My SSR: 04 Redline w/Lambo Doors ++, and 2005 Bk 6-Speed
Quote:
Originally Posted by Furykay
I had a problem in Naples on my way to Key West , the roof ajar display came on , the passenger window droping down each time the door is open and the dreaded DING ,DING SOUND came on every 15 sections Called MIKE Byers he checked with his top mechanic ,said it was the Top, Door Moduel .Had a local dealer over night me one from Lancing Mich.It arrived 10:30 Friday morning, left immediately for the Key West Rally .When we arrived Tressa was talking to Turnheads ( Wayne & Sandy ) about having to drive all the way with her window down and having 2 dogs in her lap.Sandy said they had the same problem and it was a SIMPLE FIX ,took less than a minute to fix . REMOVE THE FUSE COVER (behind seat - passenger side)AT THE TOP OF FUSE PANEL THERE ARE 2 METAL FUSES ( about I/4 X ! inch) " JUST REVERSE THEM & PUT THEM BACK IN". Both windows now work Roof Ajar Disappared ,NO MORE DING,DING .I now have a spair $350.00 DOOR TOP MODUEL.

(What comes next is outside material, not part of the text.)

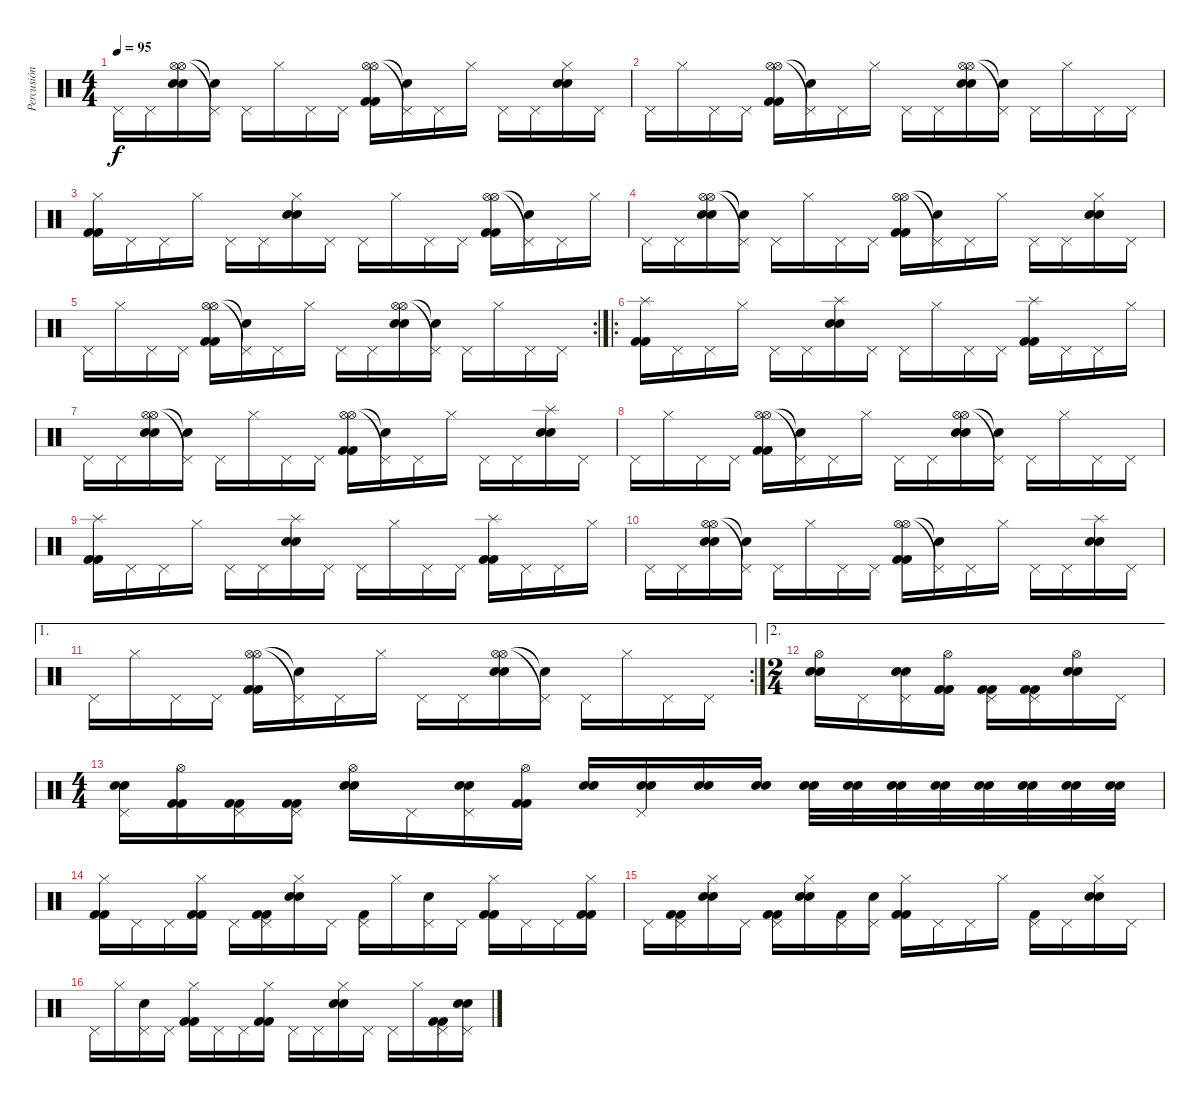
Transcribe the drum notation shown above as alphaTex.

" O THANK HEAVEN FOR WAYNE AND SANDY "
Glad you have it fixed
I will keep the fix in my memory
Other SSR owners might have have this problem
It is also wise- to lift and lower the top on a level service (side to side), as problems can arrise.
Kay - Sorry we could not make the Keys Run this year, tell Tressa we miss you both!
My SSR: 04 UV, BOD 2-18-04, SN 5550, lots of polished billet, Superchips, K&N - Previous 03 and 05 owner
Wow, I would sure like to know how reversing the fuse would fix something like that. Maybe it was just a bad connection due to corrosion and moving them scuffed the surface and allowed it to work at full capacity again? This truck sure is interesting to say the least.
My SSR: #23198 06 Blue 3SS #375 of 532 - Birthday 12/21/05 - Took delivery 9/5/06 (2nd owner)
Quote:
Originally Posted by Dragon2U
Wow, I would sure like to know how reversing the fuse would fix something like that. Maybe it was just a bad connection due to corrosion and moving them scuffed the surface and allowed it to work at full capacity again? This truck sure is interesting to say the least.
They are really either relays or circuit breakers and pulling them out is the reset. By reversing them you determine if it is a bad unit because the problem will move to whatever the other one powers.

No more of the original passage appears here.